■ What this task involves: When a line in the entries below contains the word "pixels", copy that line.

--- Data for processing Enclosed Below ---

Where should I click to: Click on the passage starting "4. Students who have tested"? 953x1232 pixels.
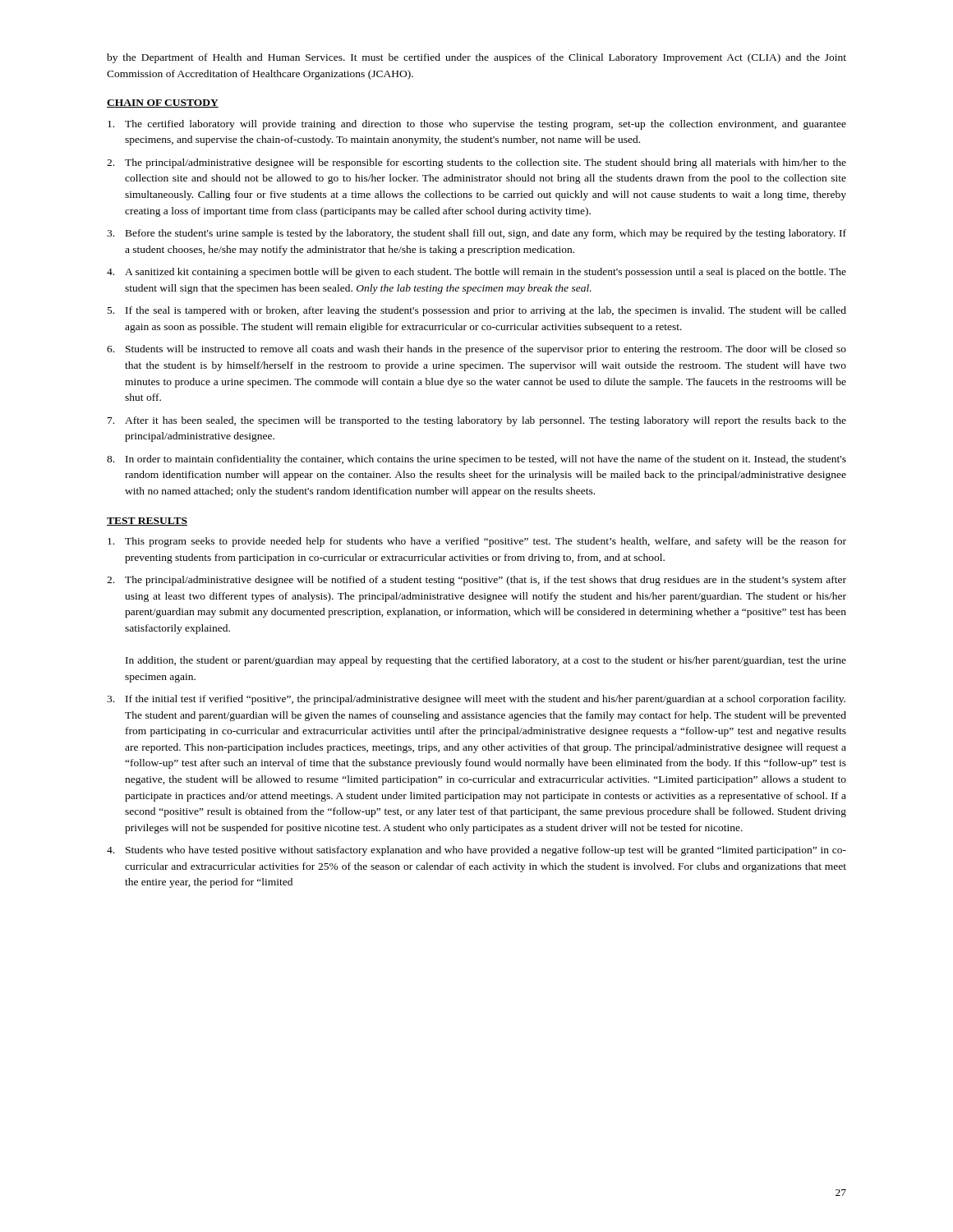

--- End of Enclosed Data for processing ---
--- Data for processing Enclosed Below ---

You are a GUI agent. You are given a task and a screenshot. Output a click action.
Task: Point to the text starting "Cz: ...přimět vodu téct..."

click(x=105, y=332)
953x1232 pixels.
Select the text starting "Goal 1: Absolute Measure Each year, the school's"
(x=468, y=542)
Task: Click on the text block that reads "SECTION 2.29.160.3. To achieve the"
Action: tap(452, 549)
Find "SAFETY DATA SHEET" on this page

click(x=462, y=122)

--- End of Enclosed Data for processing ---
--- Data for processing Enclosed Below ---

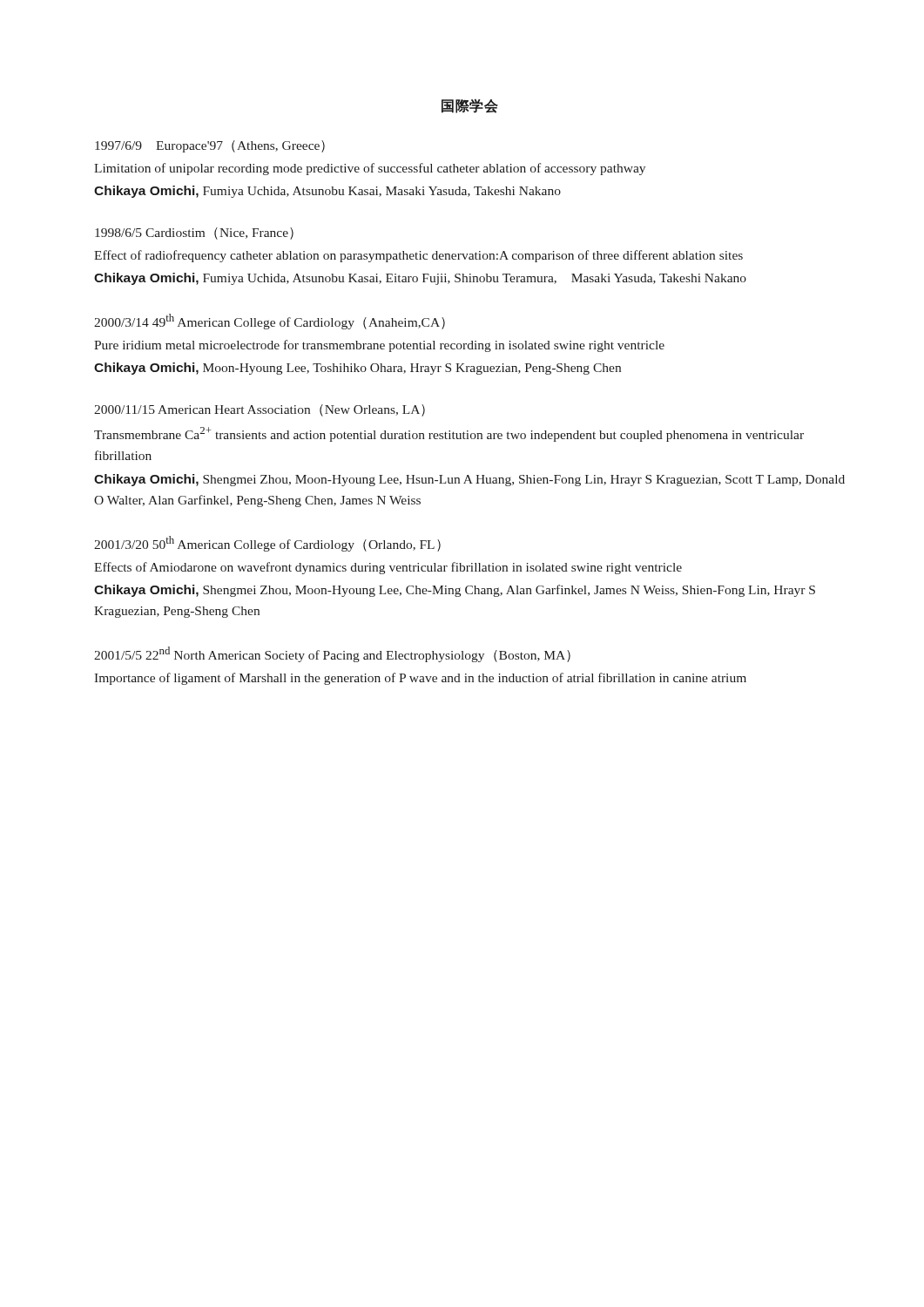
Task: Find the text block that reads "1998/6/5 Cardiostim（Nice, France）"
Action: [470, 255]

--- End of Enclosed Data for processing ---

■ Written response:
Where should I click to: Click on the passage starting "4. Students who have tested"? 953x1232 pixels.
953x1232 pixels.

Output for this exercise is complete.